The director of Little Rock’s revived RiverFest says the latest iteration didn’t live up to crowd forecasts and the company needs to regroup before making a decision on the event's future.

“It was not what we expected,” event director Jack Daniels said Tuesday of the three-day festival, which was held Friday through Sunday along the Arkansas River. “We’re really grateful for the folks that did come out.”

Memphis-based Universal Fairs had hoped that as many as 10,000 people would turn out each day, but the crowd fell short of that projection, Daniels said.

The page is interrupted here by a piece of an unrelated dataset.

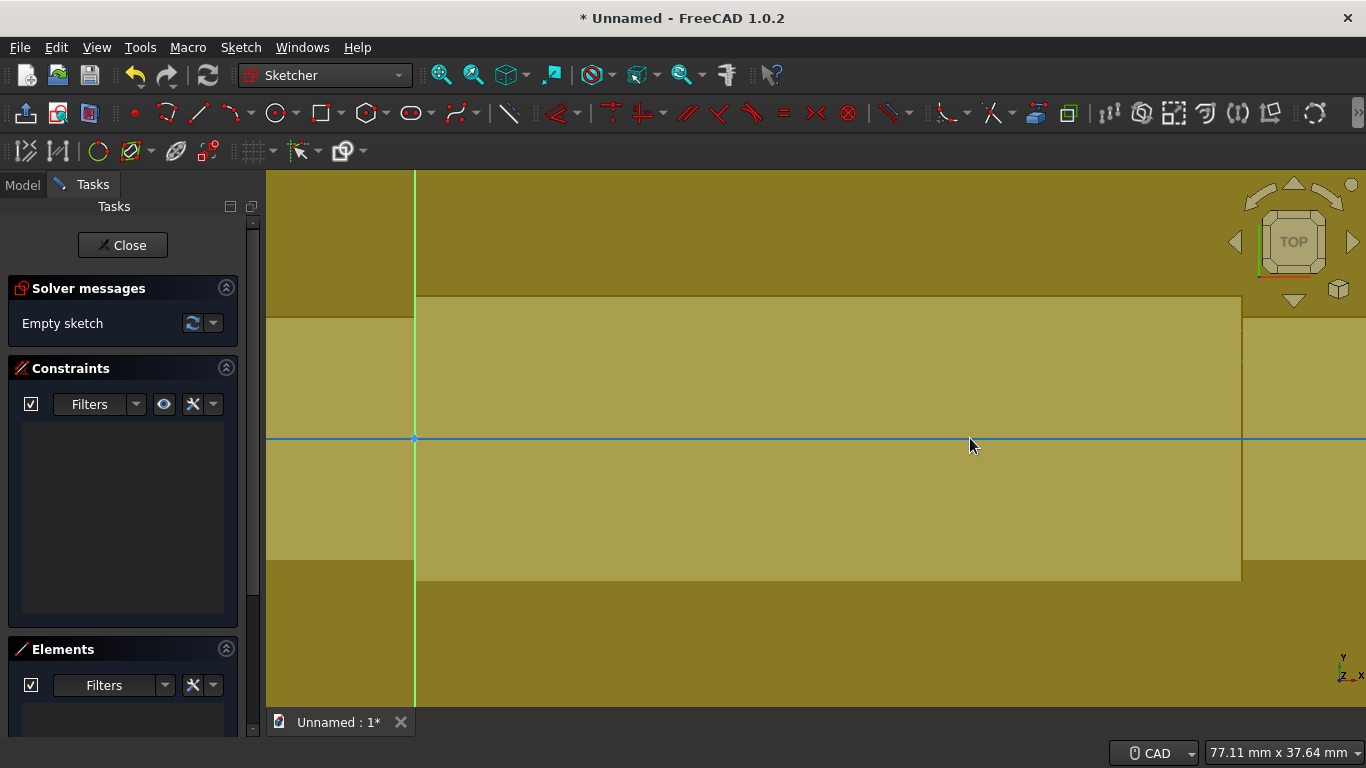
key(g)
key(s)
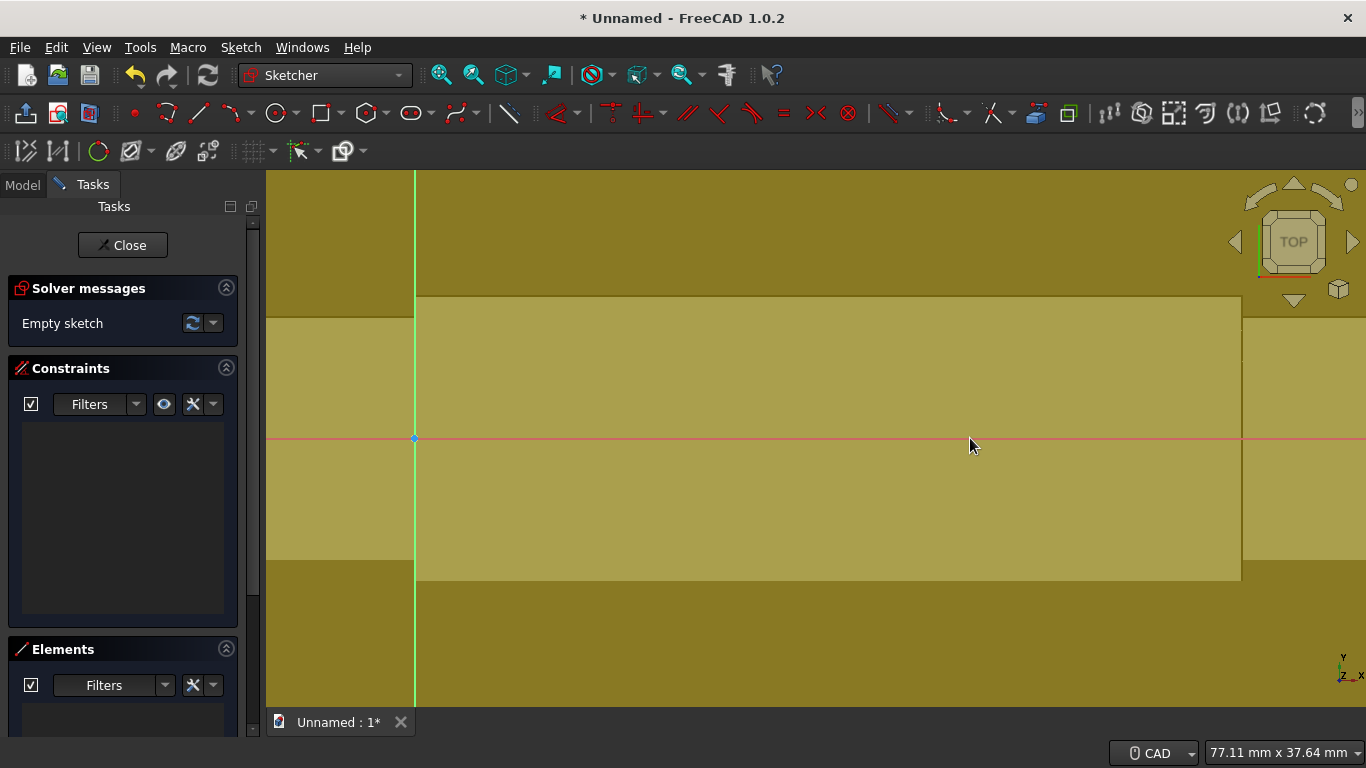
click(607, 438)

“We were somewhat close to that but didn’t hit the mark,” he said, adding that official figures hadn’t been tallied.

Daniels said the future of RiverFest will be determined once Universal Fairs regroups to “see what makes sense."

“From a nuts and bolts standpoint … I think for us to really continue to have [RiverFest], we need more engagement and involvement from the community," Daniels said.

He attributed the lower turnout — to a degree — to having a shorter time frame to book musicians. Organizers announced the festival’s return in February after buying rights to the brand, giving them only a few months to secure acts for Memorial Day weekend.

“Things like this usually require 12 months of people working it, working deals,” he said.

Still, Daniels said he was “extremely pleased” with Saturday night’s lineup of musical acts — including Young Thug, Highly Suspect, LANY and Kip Moore — and crowd turnout.

Gallery: RiverFest 2018

The event director also pointed to a Sunday night performance from headliner Peter Frampton, who was added to the lineup in late April, as a high point of this year’s event.

“We presented a really good show. The patrons that came out really liked our new theme of RiverFest and how we approached [the event],” Daniels said.

New to RiverFest this year was the creation of a Ford Family Fun Zone as well as a reduction of the festival's "footprint," allowing for more commerce to flow through downtown Little Rock's River Market District.

Gretchen Hall, president and CEO for the city's Convention and Visitors Bureau, said the organization was "very pleased" with the festival's new management and the adjustments made to help local businesses.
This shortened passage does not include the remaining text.